O Google atualizou a documentação oficial do Search Central sobre problemas de canonicalização e passou a deixar mais claro um ponto que costuma gerar ansiedade em donos de site: mesmo depois de corrigir conteúdo duplicado, o Google pode manter páginas agrupadas como duplicadas por até duas semanas.

A orientação aparece na página “Fix canonicalization issues”, atualizada em 10 de julho de 2026. O Google recomenda usar a ferramenta de inspeção de URL do Search Console para verificar qual página ele considera canonical e lembra que, mesmo quando o site define uma URL preferencial, o buscador pode escolher outra por motivos como qualidade e diferença real de conteúdo.

Para uma pequena ou média empresa, a notícia importa porque muitos problemas de SEO são piorados por pressa. O gestor vê um aviso no Search Console, pede uma correção, não enxerga mudança no dia seguinte e começa a mexer em título, texto, plugin, sitemap, canonical, redirecionamento e estrutura ao mesmo tempo. O resultado pode ser mais confusão para o Google, não menos.

Esta matéria se encaixa na linha de SEO de Cauda Longa, com estágio dominante de meio de funil.
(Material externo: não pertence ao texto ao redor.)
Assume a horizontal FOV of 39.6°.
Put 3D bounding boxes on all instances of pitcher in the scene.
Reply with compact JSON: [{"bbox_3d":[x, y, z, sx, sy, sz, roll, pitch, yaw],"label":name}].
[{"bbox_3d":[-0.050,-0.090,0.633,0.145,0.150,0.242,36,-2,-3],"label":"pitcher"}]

Ela ajuda o leitor que já percebeu um problema no site ou no Search Console a avançar de uma reação apressada para um diagnóstico mais maduro: corrigir a causa, registrar a data, priorizar URLs importantes e aguardar a reavaliação antes de mudar tudo de novo.

O que o Google esclareceu

A documentação oficial diz que corrigir problemas de canonicalização, tecnicamente, passa por garantir que as páginas agrupadas sejam suficientemente diferentes quando a intenção é que elas apareçam separadamente.

O Google acrescenta dois pontos práticos. Primeiro: a reavaliação leva tempo. Mesmo depois de corrigir problemas de conteúdo, o buscador pode manter páginas em um cluster de duplicidade por até duas semanas. Segundo: a diferença de conteúdo importa. Páginas tendem a se separar mais rápido quando a diferença entre o novo conteúdo e as demais páginas agrupadas é clara e significativa.
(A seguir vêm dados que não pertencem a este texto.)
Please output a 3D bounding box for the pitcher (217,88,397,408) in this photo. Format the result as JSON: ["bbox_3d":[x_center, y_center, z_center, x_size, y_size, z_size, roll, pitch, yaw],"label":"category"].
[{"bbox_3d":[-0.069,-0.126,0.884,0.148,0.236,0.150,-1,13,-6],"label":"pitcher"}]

Também há uma recomendação importante sobre o Search Console: depois de corrigir o conteúdo, é possível usar o recurso de solicitar indexação para pedir que o Google reavalie páginas agrupadas. Mas esse recurso tem cotas, então o próprio Google recomenda reservar o uso para URLs mais importantes.

Em outras palavras: canonicalização não é só uma tag no código. É um conjunto de sinais que inclui conteúdo, estrutura, links internos, redirecionamentos, CMS, idioma, servidor e, em casos raros, até cópias externas ou problemas de segurança.
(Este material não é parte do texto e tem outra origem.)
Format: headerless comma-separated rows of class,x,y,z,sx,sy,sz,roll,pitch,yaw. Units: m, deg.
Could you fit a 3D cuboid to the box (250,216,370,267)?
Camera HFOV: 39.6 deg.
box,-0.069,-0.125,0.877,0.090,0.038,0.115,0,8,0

Por que isso importa para o dono de PME

Para a maioria das PMEs, SEO não é uma rotina diária com time técnico dedicado. O site é mexido por agência, freelancer, plataforma, construtor visual, plugin de SEO, equipe interna ou fornecedor de hospedagem. Quando surge um alerta no Search Console, nem sempre fica claro se o problema é grave, urgente ou apenas um comportamento esperado do Google.

O novo trecho da documentação ajuda a calibrar expectativa. Se uma página foi corrigida hoje, não faz sentido esperar que o Google reflita tudo imediatamente. Também não faz sentido ficar fazendo alterações sucessivas sem saber se a primeira correção já foi processada.

A leitura prática é simples: se o problema foi identificado e corrigido com método, existe uma janela razoável de espera. O trabalho nesse período não é ficar “cutucando” a página todos os dias. É monitorar, comparar dados e evitar novas mudanças que confundam o diagnóstico.

Isso vale especialmente para sites de serviço local, e-commerces pequenos, páginas de cidades, páginas de categorias, blogs com conteúdos parecidos e landing pages criadas para campanhas.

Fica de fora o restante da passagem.